Bu makalede ilk olarak arsa payı kavramı açıklanacak ve arsa payının belirlenmesi üzerinde durulacaktır. Daha sonra, arsa payı düzeltilmesi davası (44’üncü madde istisnası ile beraber), söz konusu davanın kabul edilebilme şartı incelenecektir.



Arsa Payı Kavramı

634 sayılı Kanunun 2’nci maddesinin d bendi uyarınca bir arsanın, bağımsız bölümlere tahsis edilen ortak mülkiyet paylarına “arsa payı” denilmektedir. Arsa payı ancak bağımsız bölümler için mümkün olabilir. Ortak alanlar için arsa payı tesisi mümkün değildir.[1]



Arsa payı, Kat Mülkiyeti Kanununun düzenlemesi açısından kat mülkiyeti ve kat irtifakının ayrılmaz bir unsurudur. Bunu da 634 sayılı Kanunun 3’üncü maddesinde kat irtifakının arsa payına bağlı bir irtifak olduğunu belirtmesinden ve aynı Kanunun 5’inci maddesinin ikinci, üçüncü ve dördüncü fıkralarında yer alan “(2) Ana gayrimenkulde, kat mülkiyetine bağlanmamış veya kat irtifakı kurulmamış arsa payı bırakılamaz, (3) Kat mülkiyetini kayıtlayan haklar, kendiliğinden arsa payını da kayıtlar. (4) Anagayrimenkulde kat mülkiyetinin kurulmasından önce o gayrimenkulün kütükteki sayfasına tescil veya şerh edilmiş olan haklar kat mülkiyetini de, kaide olarak arsa payı oranında, kendiliğinden kayıtlar” şeklinde düzenlemeden anlamak mümkündür.  Aksi bir görüş olarak Tekinay’a göre ise arsa payı kavramı isabetli değildir. Zira paylara ayrılan “arsa” olmayıp “mülkiyet”tir.



Arsa Payı Belirlenmesi

Arsa payının belirlenmesiyle birlikte bir apartmanda oluşan daire veya işyerleri şeklindeki bağımsız bölümler üzerindeki mülkiyet hakkı da belirlenmiş olacaktır ve buna bağlı olarak da kat mülkiyetinden doğan hakları da arsa payı oranında bağımsız bölüm sahibi kullanacaktır. 6306 sayılı Afet Riski Altındaki Alanların Dönüştürülmesi Hakkında Kanunun 6’ıncı maddesinin birinci fıkrasında yapının yeniden değerlendirilmesine bağımsız bölüm sahipleri sahip oldukları hisseleri oranında paydaşların en az 2/3 çoğunluğu ile karar verebilecekleri belirtilmiştir.
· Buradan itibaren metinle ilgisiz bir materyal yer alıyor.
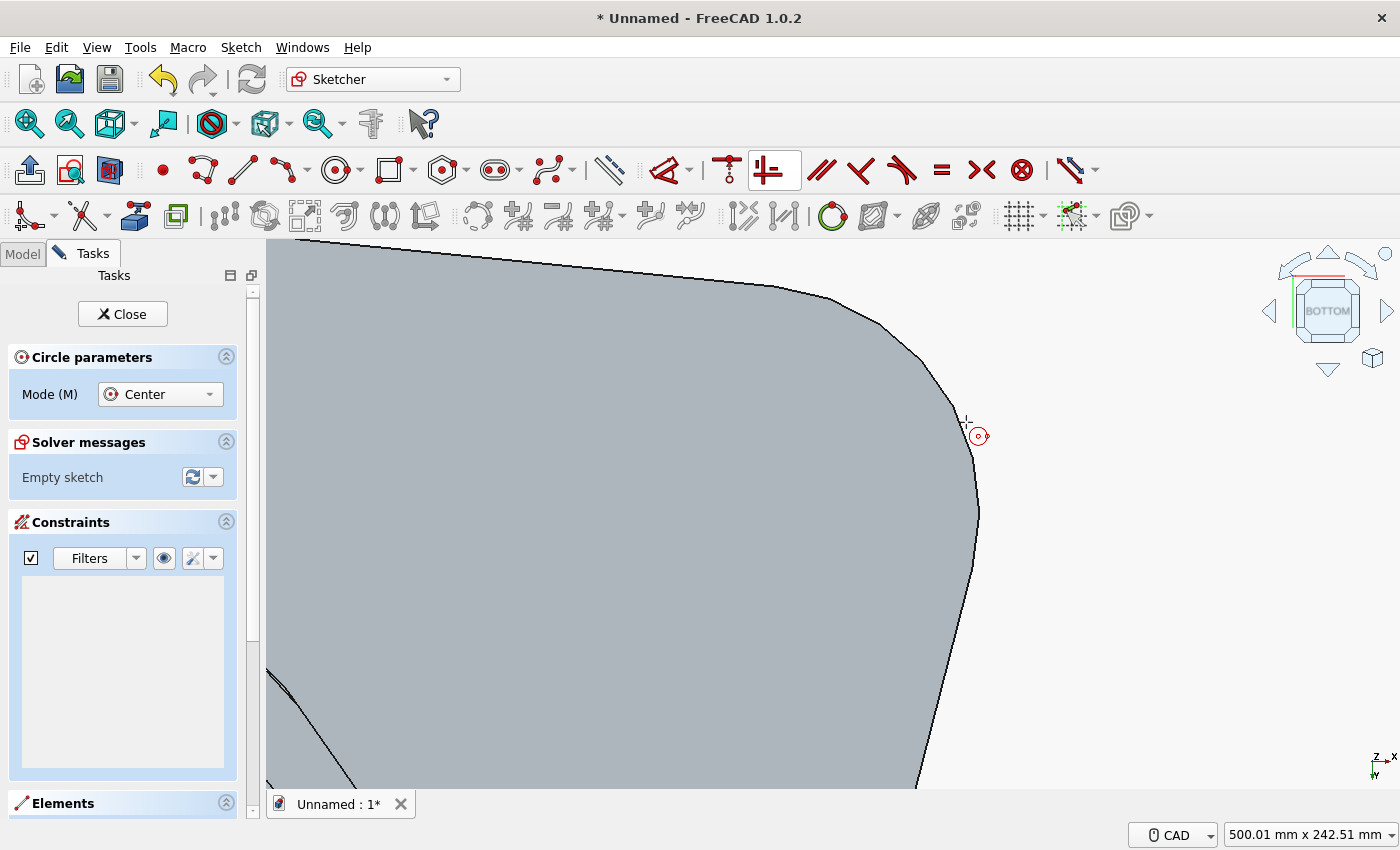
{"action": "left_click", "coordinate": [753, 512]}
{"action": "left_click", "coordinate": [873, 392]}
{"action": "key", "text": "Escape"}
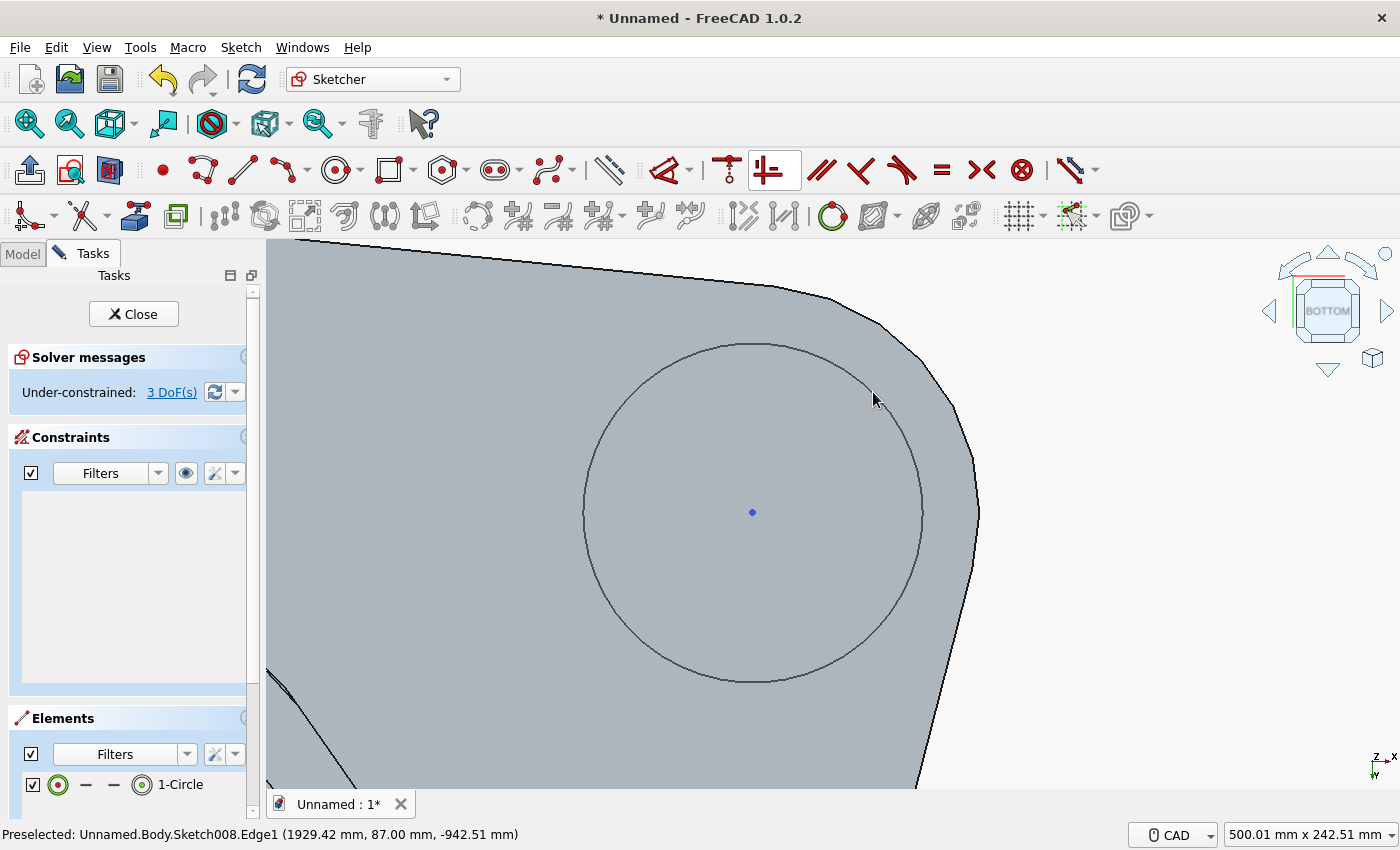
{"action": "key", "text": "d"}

Dolayısıyla kişilerin yapı ile ilgili gerek 634 sayılı Kanun gerekse 6306 sayılı Kanun kapsamında sahip oldukları hak ve yükümlülükleri kullanmaları arsa payları ile orantılıdır. Bu nedenle arsa payının doğru belirlenmesi önemlidir.[2] Arsa payı özgülenmesinin önemi 634 sayılı Kanunun çeşitli maddelerinden de anlaşılabilir.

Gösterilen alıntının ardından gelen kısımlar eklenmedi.